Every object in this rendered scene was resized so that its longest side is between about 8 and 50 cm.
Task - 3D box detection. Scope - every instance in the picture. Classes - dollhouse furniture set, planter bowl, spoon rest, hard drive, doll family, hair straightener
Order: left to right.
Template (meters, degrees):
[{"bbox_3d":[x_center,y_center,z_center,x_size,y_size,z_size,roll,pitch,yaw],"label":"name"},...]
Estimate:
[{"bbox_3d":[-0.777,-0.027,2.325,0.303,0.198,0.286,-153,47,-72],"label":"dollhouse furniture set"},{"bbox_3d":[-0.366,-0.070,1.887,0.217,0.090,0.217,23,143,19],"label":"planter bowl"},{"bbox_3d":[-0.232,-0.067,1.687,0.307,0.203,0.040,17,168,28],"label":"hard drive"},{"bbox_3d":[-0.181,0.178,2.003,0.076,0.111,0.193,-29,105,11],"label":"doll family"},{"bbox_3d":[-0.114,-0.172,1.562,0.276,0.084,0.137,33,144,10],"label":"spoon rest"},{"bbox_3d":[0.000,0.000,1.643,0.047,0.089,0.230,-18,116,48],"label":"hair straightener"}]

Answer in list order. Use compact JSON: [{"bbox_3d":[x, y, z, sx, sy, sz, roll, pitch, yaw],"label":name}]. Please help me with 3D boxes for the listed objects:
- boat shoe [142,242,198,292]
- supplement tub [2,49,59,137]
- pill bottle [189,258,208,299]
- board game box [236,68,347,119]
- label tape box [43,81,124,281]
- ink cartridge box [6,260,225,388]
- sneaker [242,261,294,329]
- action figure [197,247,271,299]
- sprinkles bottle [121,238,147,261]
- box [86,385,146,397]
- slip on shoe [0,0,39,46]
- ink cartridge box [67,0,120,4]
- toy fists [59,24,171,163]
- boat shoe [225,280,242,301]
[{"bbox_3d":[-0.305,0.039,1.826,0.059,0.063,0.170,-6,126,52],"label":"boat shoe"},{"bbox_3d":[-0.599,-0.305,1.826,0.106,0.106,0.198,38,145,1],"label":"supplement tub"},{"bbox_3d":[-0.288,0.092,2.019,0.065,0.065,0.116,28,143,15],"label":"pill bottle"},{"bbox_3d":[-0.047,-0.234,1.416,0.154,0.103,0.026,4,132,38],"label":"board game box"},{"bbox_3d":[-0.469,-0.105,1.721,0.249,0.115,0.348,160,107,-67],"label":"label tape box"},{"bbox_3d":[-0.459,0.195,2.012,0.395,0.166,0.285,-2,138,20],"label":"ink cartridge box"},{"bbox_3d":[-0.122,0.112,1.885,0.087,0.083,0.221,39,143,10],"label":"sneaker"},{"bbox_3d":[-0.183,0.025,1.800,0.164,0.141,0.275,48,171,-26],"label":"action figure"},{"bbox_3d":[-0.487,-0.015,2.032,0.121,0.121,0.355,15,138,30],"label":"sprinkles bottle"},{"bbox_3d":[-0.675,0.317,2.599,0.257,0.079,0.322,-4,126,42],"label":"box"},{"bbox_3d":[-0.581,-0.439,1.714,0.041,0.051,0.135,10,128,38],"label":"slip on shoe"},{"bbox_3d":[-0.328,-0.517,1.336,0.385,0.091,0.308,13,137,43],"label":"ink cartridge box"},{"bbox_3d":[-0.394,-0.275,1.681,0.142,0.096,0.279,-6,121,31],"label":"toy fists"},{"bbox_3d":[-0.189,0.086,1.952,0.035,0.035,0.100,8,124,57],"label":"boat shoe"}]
==*==
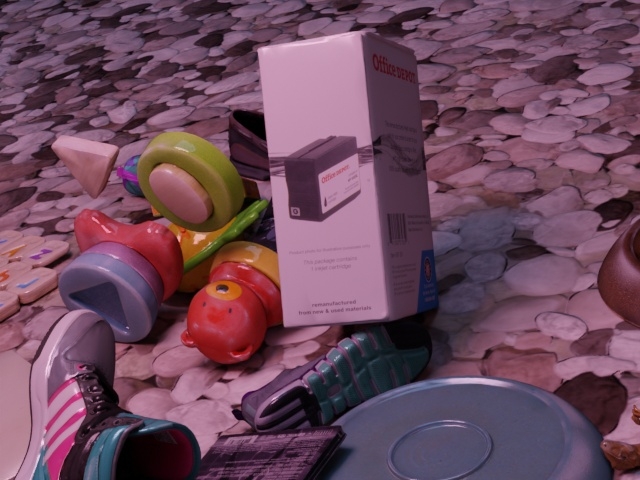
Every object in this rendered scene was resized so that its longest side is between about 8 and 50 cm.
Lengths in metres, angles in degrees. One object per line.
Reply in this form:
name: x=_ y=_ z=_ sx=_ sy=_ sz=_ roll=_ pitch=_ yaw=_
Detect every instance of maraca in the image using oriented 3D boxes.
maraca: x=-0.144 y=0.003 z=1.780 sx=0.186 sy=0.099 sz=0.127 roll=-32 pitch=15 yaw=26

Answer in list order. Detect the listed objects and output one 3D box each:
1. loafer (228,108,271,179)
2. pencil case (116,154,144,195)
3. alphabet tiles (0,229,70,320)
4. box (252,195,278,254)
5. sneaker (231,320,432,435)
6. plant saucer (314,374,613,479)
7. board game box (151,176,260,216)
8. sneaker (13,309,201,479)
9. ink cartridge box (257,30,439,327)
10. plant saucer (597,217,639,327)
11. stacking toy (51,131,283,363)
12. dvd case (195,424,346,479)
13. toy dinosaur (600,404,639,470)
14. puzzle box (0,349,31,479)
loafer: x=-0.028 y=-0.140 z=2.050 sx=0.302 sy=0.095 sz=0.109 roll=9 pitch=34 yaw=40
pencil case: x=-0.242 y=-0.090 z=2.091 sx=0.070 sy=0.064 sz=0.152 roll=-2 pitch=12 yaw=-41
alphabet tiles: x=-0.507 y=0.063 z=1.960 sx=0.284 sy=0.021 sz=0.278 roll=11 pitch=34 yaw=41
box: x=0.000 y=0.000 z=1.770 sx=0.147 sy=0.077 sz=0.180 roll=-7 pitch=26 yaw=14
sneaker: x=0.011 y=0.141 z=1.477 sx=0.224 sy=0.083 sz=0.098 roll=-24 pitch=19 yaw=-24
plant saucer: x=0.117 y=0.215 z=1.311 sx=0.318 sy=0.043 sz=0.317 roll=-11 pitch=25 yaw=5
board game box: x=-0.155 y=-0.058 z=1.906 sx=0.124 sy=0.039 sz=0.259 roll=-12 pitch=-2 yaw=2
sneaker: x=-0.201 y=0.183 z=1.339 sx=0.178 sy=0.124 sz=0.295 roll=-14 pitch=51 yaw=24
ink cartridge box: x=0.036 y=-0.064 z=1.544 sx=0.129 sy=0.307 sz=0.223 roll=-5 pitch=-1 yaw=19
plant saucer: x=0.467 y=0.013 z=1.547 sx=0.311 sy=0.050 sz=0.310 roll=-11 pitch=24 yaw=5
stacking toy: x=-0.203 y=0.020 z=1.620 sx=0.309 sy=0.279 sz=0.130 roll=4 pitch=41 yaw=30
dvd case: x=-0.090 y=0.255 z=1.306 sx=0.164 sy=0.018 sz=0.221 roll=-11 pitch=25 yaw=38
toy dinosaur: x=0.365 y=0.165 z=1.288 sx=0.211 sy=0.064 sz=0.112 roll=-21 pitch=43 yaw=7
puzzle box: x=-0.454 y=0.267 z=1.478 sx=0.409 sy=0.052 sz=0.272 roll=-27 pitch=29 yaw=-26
==*==
**ASSIGNED TASK:**
Please give back exactly the lines of this listing beginning at the line with "2. pencil case (116,154,144,195)" and ending with the line with "13. toy dinosaur (600,404,639,470)", both included, and nothing else.

**YOUR RESPONSE:**
2. pencil case (116,154,144,195)
3. alphabet tiles (0,229,70,320)
4. box (252,195,278,254)
5. sneaker (231,320,432,435)
6. plant saucer (314,374,613,479)
7. board game box (151,176,260,216)
8. sneaker (13,309,201,479)
9. ink cartridge box (257,30,439,327)
10. plant saucer (597,217,639,327)
11. stacking toy (51,131,283,363)
12. dvd case (195,424,346,479)
13. toy dinosaur (600,404,639,470)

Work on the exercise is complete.